Foi esse o mote de artigo publicado no domingo na Folha de
S. Paulo, sob o título de “Por que cortar gastos não é solução para o Brasil
ter crescimento vigoroso?” e assinado por um grupo de economistas da Unicamp,
UFRJ e Unisinos e UFF. Ali os autores negam o desequilíbrio fiscal e argumentam
que o crescimento dos gastos obrigatórios não é um problema, e reforçam a
conclusão de que a recessão é fruto do ajuste. Afinal, como não há
desequilíbrio e não há como faltar recursos, pois o governo pode se financiar
de forma ilimitada em moeda local, o grupo toma carona numa versão bem
tupiniquim da nova teoria monetária (NMT na sigla em inglês) e a tempera com
pitadas de NME.
Os números, de fato, não mentem. Vivemos um ciclo de redução
contínua da capacidade do setor público de investir, o que leva à obvia
conclusão de que estamos sofrendo com baixo investimento público (e privado). O
investimento público atingiu patamares historicamente baixos, nos três níveis
da federação. Paralelamente, os gastos obrigatórios, em particular os gastos
com despesas de pessoal, cresceram à taxa real de 3,17% ao ano nos últimos 7
anos enquanto as receitas se elevaram, em termos reais, menos de 0,82% nesse
mesmo período. O descolamento das duas trajetórias ocorreu tanto em tempos de
bonança quanto em tempos de recessão, sendo a sequência muito clara.
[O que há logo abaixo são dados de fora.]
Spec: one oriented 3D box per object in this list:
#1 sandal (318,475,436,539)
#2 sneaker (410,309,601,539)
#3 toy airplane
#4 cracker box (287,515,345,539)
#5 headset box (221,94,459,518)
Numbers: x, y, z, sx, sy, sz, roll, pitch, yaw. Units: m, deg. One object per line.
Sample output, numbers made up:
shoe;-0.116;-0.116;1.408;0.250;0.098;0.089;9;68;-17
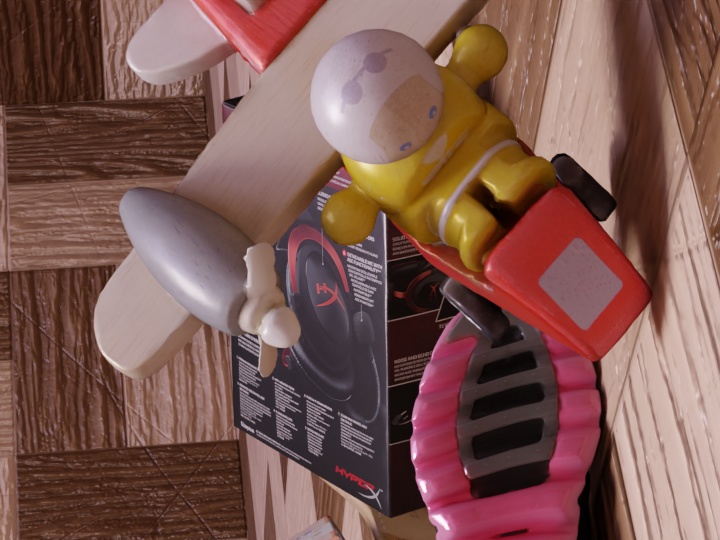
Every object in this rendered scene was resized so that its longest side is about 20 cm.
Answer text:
sandal;0.022;0.104;1.266;0.212;0.077;0.070;-118;38;-49
sneaker;0.065;0.111;0.924;0.095;0.078;0.202;67;-161;-75
toy airplane;0.001;-0.065;0.802;0.141;0.197;0.202;42;-135;-85
cracker box;-0.004;0.215;1.302;0.135;0.057;0.200;59;176;2
headset box;0.000;0.000;1.137;0.148;0.075;0.202;23;120;52
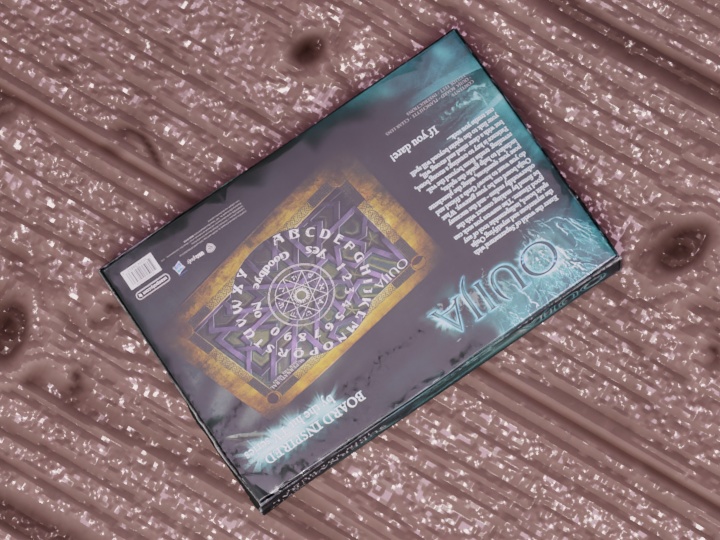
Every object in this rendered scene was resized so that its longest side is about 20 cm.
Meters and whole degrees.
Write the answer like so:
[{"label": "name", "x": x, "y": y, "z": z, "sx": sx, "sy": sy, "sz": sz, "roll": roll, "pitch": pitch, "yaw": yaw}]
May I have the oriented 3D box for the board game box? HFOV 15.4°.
[{"label": "board game box", "x": 0.000, "y": 0.000, "z": 1.209, "sx": 0.200, "sy": 0.028, "sz": 0.135, "roll": -34, "pitch": 77, "yaw": -3}]
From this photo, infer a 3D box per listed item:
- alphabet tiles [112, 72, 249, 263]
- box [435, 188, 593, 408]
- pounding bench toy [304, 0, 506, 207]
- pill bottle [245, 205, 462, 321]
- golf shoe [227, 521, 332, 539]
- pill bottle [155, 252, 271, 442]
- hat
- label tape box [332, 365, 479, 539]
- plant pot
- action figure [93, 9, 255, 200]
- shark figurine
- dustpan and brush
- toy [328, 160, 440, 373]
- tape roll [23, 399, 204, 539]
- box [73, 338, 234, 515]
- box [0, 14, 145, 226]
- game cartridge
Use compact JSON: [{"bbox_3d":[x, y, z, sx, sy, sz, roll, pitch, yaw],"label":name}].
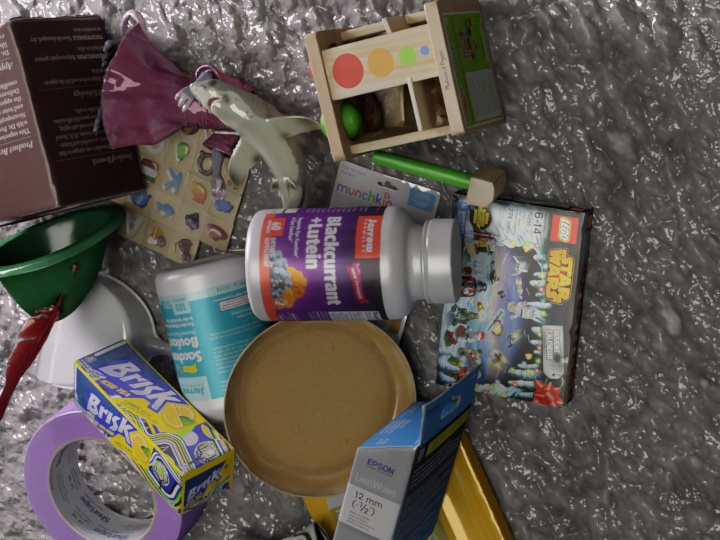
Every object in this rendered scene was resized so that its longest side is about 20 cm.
[{"bbox_3d":[-0.199,-0.112,1.669,0.166,0.006,0.200,23,108,17],"label":"alphabet tiles"},{"bbox_3d":[0.152,0.027,1.530,0.137,0.040,0.201,9,104,20],"label":"box"},{"bbox_3d":[0.045,-0.148,1.493,0.156,0.124,0.200,-11,96,24],"label":"pounding bench toy"},{"bbox_3d":[-0.004,-0.007,1.500,0.199,0.111,0.112,-2,100,11],"label":"pill bottle"},{"bbox_3d":[-0.064,0.307,1.646,0.200,0.078,0.097,18,104,35],"label":"golf shoe"},{"bbox_3d":[-0.144,0.086,1.628,0.111,0.111,0.201,-11,96,24],"label":"pill bottle"},{"bbox_3d":[-0.321,0.045,1.683,0.200,0.166,0.176,-14,109,14],"label":"hat"},{"bbox_3d":[0.043,0.192,1.514,0.066,0.143,0.200,20,111,19],"label":"label tape box"},{"bbox_3d":[-0.042,0.135,1.580,0.199,0.027,0.201,-2,104,-9],"label":"plant pot"},{"bbox_3d":[-0.173,-0.173,1.608,0.199,0.149,0.134,9,134,3],"label":"action figure"},{"bbox_3d":[-0.082,-0.111,1.558,0.128,0.090,0.215,-3,124,15],"label":"shark figurine"},{"bbox_3d":[-0.258,0.079,1.713,0.200,0.057,0.140,13,93,27],"label":"dustpan and brush"},{"bbox_3d":[0.000,0.000,1.584,0.115,0.047,0.200,19,108,17],"label":"toy"},{"bbox_3d":[-0.275,0.235,1.720,0.200,0.066,0.201,8,114,19],"label":"tape roll"},{"bbox_3d":[-0.219,0.161,1.606,0.200,0.070,0.064,39,138,32],"label":"box"},{"bbox_3d":[-0.360,-0.155,1.638,0.166,0.164,0.200,-12,95,27],"label":"box"},{"bbox_3d":[0.054,0.274,1.625,0.200,0.032,0.177,-24,90,26],"label":"game cartridge"}]
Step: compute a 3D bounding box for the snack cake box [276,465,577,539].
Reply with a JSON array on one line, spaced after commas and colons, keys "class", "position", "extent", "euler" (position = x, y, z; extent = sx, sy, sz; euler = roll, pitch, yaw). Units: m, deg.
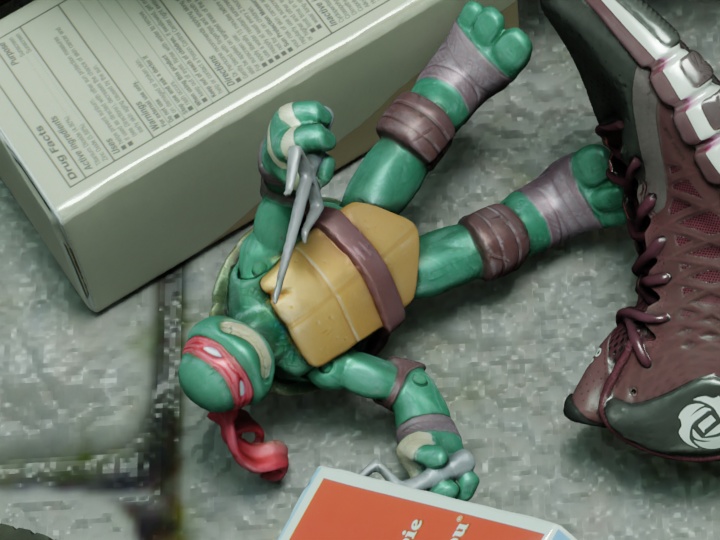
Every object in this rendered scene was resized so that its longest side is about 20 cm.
[{"class": "snack cake box", "position": [-0.005, 0.167, 0.757], "extent": [0.115, 0.067, 0.200], "euler": [8, 62, 51]}]

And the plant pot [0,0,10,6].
[{"class": "plant pot", "position": [-0.118, -0.199, 0.905], "extent": [0.198, 0.200, 0.200], "euler": [-3, 53, 48]}]

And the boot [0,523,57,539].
[{"class": "boot", "position": [-0.142, 0.155, 0.841], "extent": [0.200, 0.077, 0.138], "euler": [16, 69, 27]}]

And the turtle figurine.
[{"class": "turtle figurine", "position": [0.000, 0.000, 0.877], "extent": [0.200, 0.150, 0.101], "euler": [-42, 27, -28]}]

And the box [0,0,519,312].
[{"class": "box", "position": [-0.046, -0.082, 0.947], "extent": [0.200, 0.078, 0.095], "euler": [-30, 63, -10]}]

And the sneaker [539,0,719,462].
[{"class": "sneaker", "position": [0.100, -0.005, 0.865], "extent": [0.115, 0.076, 0.200], "euler": [-39, 87, 7]}]
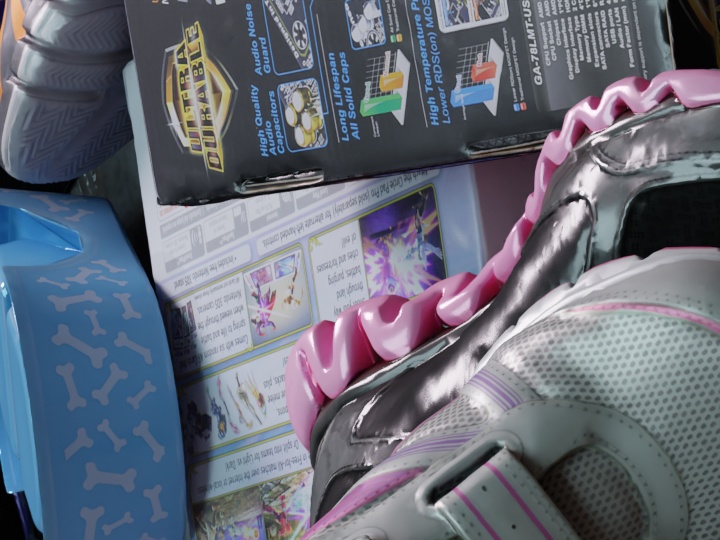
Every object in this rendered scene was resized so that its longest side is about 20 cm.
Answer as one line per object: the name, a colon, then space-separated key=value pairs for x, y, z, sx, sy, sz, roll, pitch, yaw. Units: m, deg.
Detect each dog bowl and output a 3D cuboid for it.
dog bowl: x=-0.097 y=0.036 z=0.979 sx=0.200 sy=0.049 sz=0.112 roll=-127 pitch=31 yaw=-68

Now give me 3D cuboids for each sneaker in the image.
sneaker: x=0.048 y=0.031 z=0.674 sx=0.200 sy=0.079 sz=0.096 roll=-42 pitch=29 yaw=45
sneaker: x=-0.096 y=-0.135 z=0.968 sx=0.112 sy=0.077 sz=0.201 roll=39 pitch=115 yaw=32
sneaker: x=0.022 y=0.076 z=0.607 sx=0.081 sy=0.088 sz=0.200 roll=46 pitch=111 yaw=0

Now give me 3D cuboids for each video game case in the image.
video game case: x=0.000 y=0.000 z=0.862 sx=0.200 sy=0.045 sz=0.183 roll=-22 pitch=73 yaw=58

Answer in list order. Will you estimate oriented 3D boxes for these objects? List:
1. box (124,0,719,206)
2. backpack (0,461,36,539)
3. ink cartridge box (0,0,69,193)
box: x=0.008 y=-0.125 z=0.740 sx=0.198 sy=0.050 sz=0.201 roll=-8 pitch=92 yaw=48
backpack: x=-0.207 y=0.139 z=1.110 sx=0.200 sy=0.181 sz=0.135 roll=-111 pitch=15 yaw=-53
ink cartridge box: x=-0.146 y=-0.056 z=1.061 sx=0.200 sy=0.094 sz=0.037 roll=-60 pitch=43 yaw=43
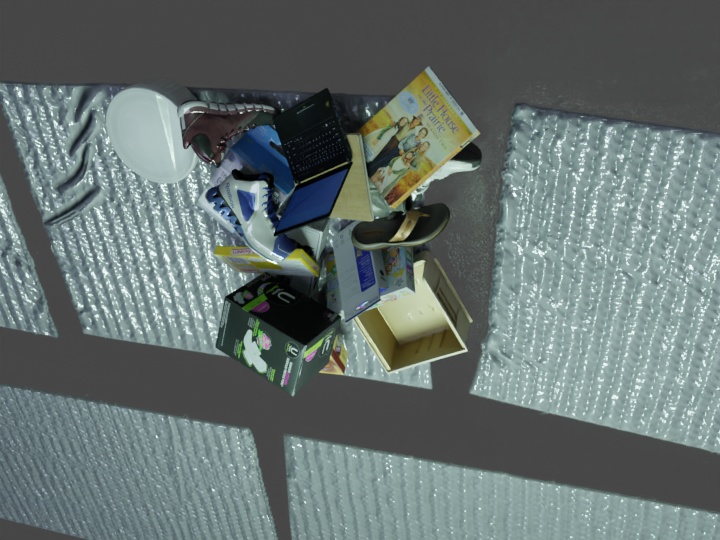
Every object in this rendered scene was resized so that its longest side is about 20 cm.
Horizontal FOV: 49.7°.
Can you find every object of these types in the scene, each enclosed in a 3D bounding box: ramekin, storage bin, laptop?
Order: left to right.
[{"bbox_3d":[-0.392,-0.283,1.535,0.197,0.095,0.207,11,126,15],"label":"ramekin"},{"bbox_3d":[-0.106,-0.186,1.364,0.175,0.102,0.205,-13,100,49],"label":"laptop"},{"bbox_3d":[0.100,0.086,1.600,0.197,0.094,0.201,-20,115,32],"label":"storage bin"}]

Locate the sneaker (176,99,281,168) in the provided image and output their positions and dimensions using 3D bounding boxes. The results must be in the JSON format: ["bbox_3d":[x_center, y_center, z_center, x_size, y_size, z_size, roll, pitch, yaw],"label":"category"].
[{"bbox_3d":[-0.242,-0.249,1.448,0.194,0.119,0.076,-1,173,-15],"label":"sneaker"}]

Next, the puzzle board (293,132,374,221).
[{"bbox_3d":[-0.055,-0.171,1.409,0.197,0.017,0.155,9,116,46],"label":"puzzle board"}]

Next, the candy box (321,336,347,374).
[{"bbox_3d":[-0.136,0.175,1.692,0.194,0.058,0.117,5,154,17],"label":"candy box"}]

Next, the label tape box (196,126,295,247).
[{"bbox_3d":[-0.207,-0.170,1.510,0.143,0.063,0.202,37,107,-2],"label":"label tape box"}]

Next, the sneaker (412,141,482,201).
[{"bbox_3d":[0.131,-0.183,1.423,0.196,0.076,0.117,11,134,25],"label":"sneaker"}]

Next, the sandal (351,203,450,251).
[{"bbox_3d":[0.073,-0.090,1.471,0.194,0.084,0.055,-8,145,11],"label":"sandal"}]

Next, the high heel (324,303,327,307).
[{"bbox_3d":[-0.120,0.111,1.715,0.139,0.072,0.202,18,137,1],"label":"high heel"}]

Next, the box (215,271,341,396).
[{"bbox_3d":[-0.162,0.121,1.542,0.197,0.148,0.127,29,121,18],"label":"box"}]

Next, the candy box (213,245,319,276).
[{"bbox_3d":[-0.189,-0.019,1.574,0.195,0.027,0.102,3,163,20],"label":"candy box"}]

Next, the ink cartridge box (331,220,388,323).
[{"bbox_3d":[0.000,0.000,1.517,0.098,0.204,0.039,-31,141,32],"label":"ink cartridge box"}]

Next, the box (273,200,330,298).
[{"bbox_3d":[-0.135,-0.035,1.629,0.114,0.061,0.204,19,128,9],"label":"box"}]

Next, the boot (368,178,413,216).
[{"bbox_3d":[0.018,-0.191,1.421,0.129,0.068,0.203,-11,115,45],"label":"boot"}]

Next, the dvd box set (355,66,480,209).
[{"bbox_3d":[0.088,-0.228,1.342,0.199,0.029,0.148,-39,78,14],"label":"dvd box set"}]

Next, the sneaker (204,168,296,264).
[{"bbox_3d":[-0.186,-0.115,1.447,0.199,0.081,0.115,43,109,-4],"label":"sneaker"}]

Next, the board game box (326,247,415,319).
[{"bbox_3d":[0.017,0.007,1.554,0.197,0.138,0.034,-21,148,32],"label":"board game box"}]

À medida que receitas extraordinárias foram minguando e as
despesas obrigatórias continuavam crescendo em ritmo definido pelos seus
motores próprios (vinculações e/ou crescimento vegetativo), só havia uma conta
a ser reduzida para minimizar o desequilíbrio estrutural entre despesas e
receitas. E essa conta era a do investimento, aquela, dentre todas as despesas
discricionárias, de mais fácil ajuste. O desequilíbrio estrutural continua,
apesar de negado pelos autores, e hoje compromete não só os investimentos, mas
também o funcionamento da máquina.
Mas a solução fácil viria não pela reversão do desequilíbrio
inexistente, receita vil de ortodoxos sem coração, mas pela manutenção da
tendência de crescimento da dívida pública. Afinal, gasto é vida, orçamento
público tem dinâmica distinta do orçamento privado e dívida pública pode ser
ilimitada. Para fechar esse argumento temos que esquecer dos juros, aquele
vilão que os heterodoxos tendem a ignorar ser um preço. Juro, lembremos, é
consequência e não causa. Incerteza, solvência e risco estão na base da
formação desse preço, a não ser que ignoremos tudo isso e deixemos a inflação
voltar, assim como aconteceu em 2016.
De fato, os autores têm razão ao afirmar que o Brasil não
quebrou. Mas só não quebrou ainda porque houve, em meados de 2016, um
impeachment que nos deu a chance de reescrever nossa história econômica e mudar
a rota que nos levava ao colapso. Foi graças ao teto de gastos, à reforma
trabalhista, à aprovação da TLP e agora à reforma da Previdência – e quiçá uma
profunda reforma administrativa – que começaremos a vislumbrar um país melhor.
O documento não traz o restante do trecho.